Pour bien conclure cette saga, il fallait évidemment raccrocher les wagons avec les différentes pistes narratives de Spectre, ce qui occasionne deux des meilleures séquences du film. La première étant le retour de Christoph Waltz dans le rôle de Blofeld, dont la visite en prison rappelle énormément Le Silence des Agneaux, à travers la manière dont il est iconisé par la mise en scène. Waltz pose un peu plus son jeu que dans le précédent film, apparaissant moins cartoonesque, pour coller à l’atmosphère de la scène, qui marche grâce à une double tension très efficace.

Impossible de ne pas mentionner une autre séquence liée à Spectre se déroulant à Cuba, qui offre l’occasion à Daniel Craig et Ana De Armas de se retrouver après leur collaboration dans À Couteaux Tirés. La jeune femme incarne Paloma, une espionne de la CIA, peu sûre d’elle mais extrêmement compétente. Elle apporte un grain de folie pétillant et charmant qui ne laissera probablement aucun spectateur indifférent. Une apparition trop brève, tant le personnage et l’interprétation de l’actrice sont attachants.

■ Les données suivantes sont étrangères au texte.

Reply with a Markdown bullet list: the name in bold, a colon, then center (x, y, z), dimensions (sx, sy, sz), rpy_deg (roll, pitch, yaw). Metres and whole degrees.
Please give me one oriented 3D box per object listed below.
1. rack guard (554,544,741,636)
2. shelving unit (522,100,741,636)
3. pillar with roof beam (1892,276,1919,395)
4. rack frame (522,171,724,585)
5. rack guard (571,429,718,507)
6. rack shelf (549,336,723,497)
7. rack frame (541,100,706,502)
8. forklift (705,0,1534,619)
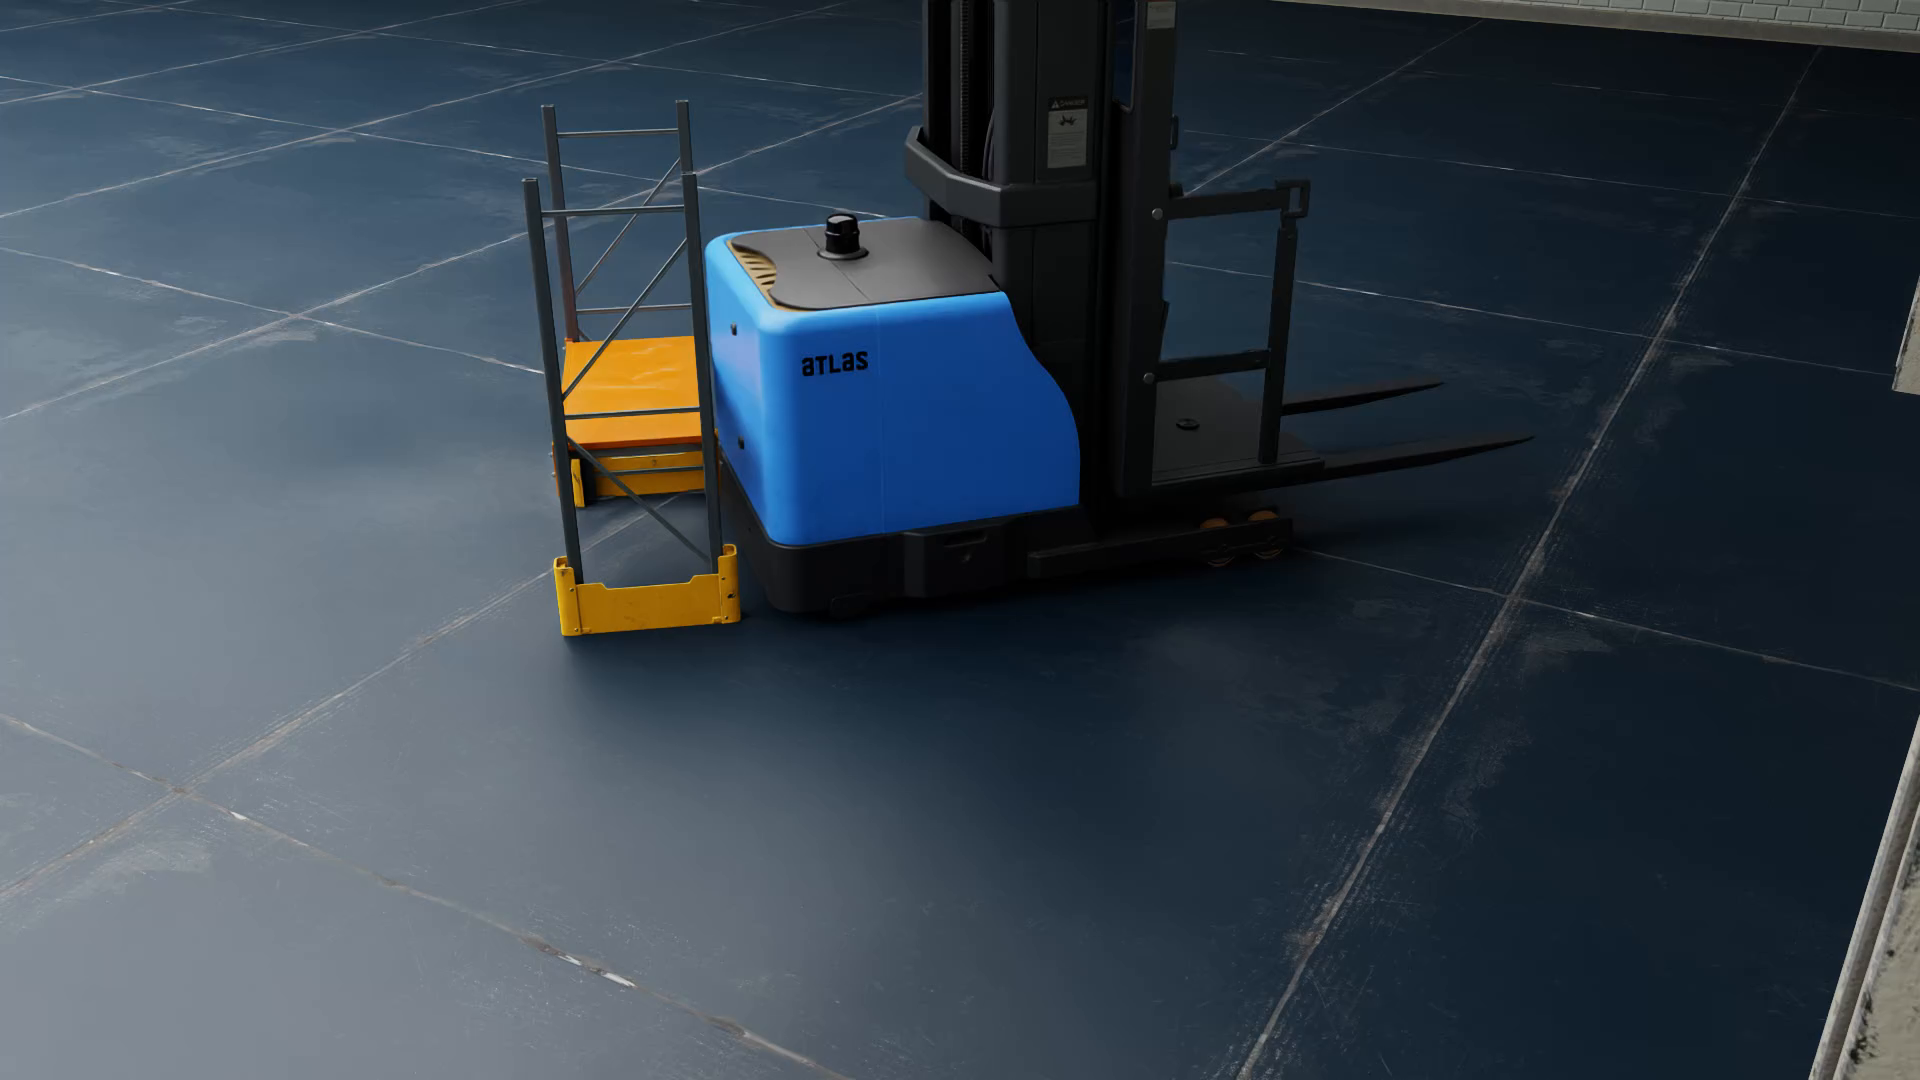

En revanche, si son introduction est vraiment réussie, le traitement de l’antagoniste, joué par Rami Malek, n’est pas suffisamment développé pour convaincre pleinement, malgré une présence à l’écran inquiétante et quelques débuts d’idées intéressantes. L’arme qu’il a en sa possession est redoutable, et s’aligne parfaitement avec ce qui tourmente Bond : la peur de perdre un être cher. C’est cette idée, qui traverse le long-métrage, le ramenant à son passé, mais aussi à devoir embrasser totalement le futur, prouvant qu’il n’est plus le même qu’à ses débuts.

Il est intéressant de voir à quel point les scénaristes ont utilisé la mythologie du personnage, et notamment son célèbre matricule pour aller plus loin dans la déconstruction de l’icône en smoking, opérée depuis Casino Royale. À ce titre, le personnage incarné par Lashana Lynch est vraiment intéressant, et un joli pied de nez à ceux qui pensaient que le nouveau Bond serait une femme.

Le célèbre compositeur Hans Zimmer a été choisi pour s’occuper de la bande originale, et globalement, il adapte grandement son style à l’identité musicale de la saga, sauf pour quelques variations, rappelant fortement son travail sur The Dark Knight.

No Time to Die offre une conclusion spectaculaire et émouvante, pour une saga qui aura su se réinventer avec intelligence depuis 15 ans. Daniel Craig tire sa révérence en livrant une performance remarquable, et toujours avec autant de classe. Une incarnation passionnante de James Bond, qui marque définitivement son époque et qu’il sera difficile de remplacer.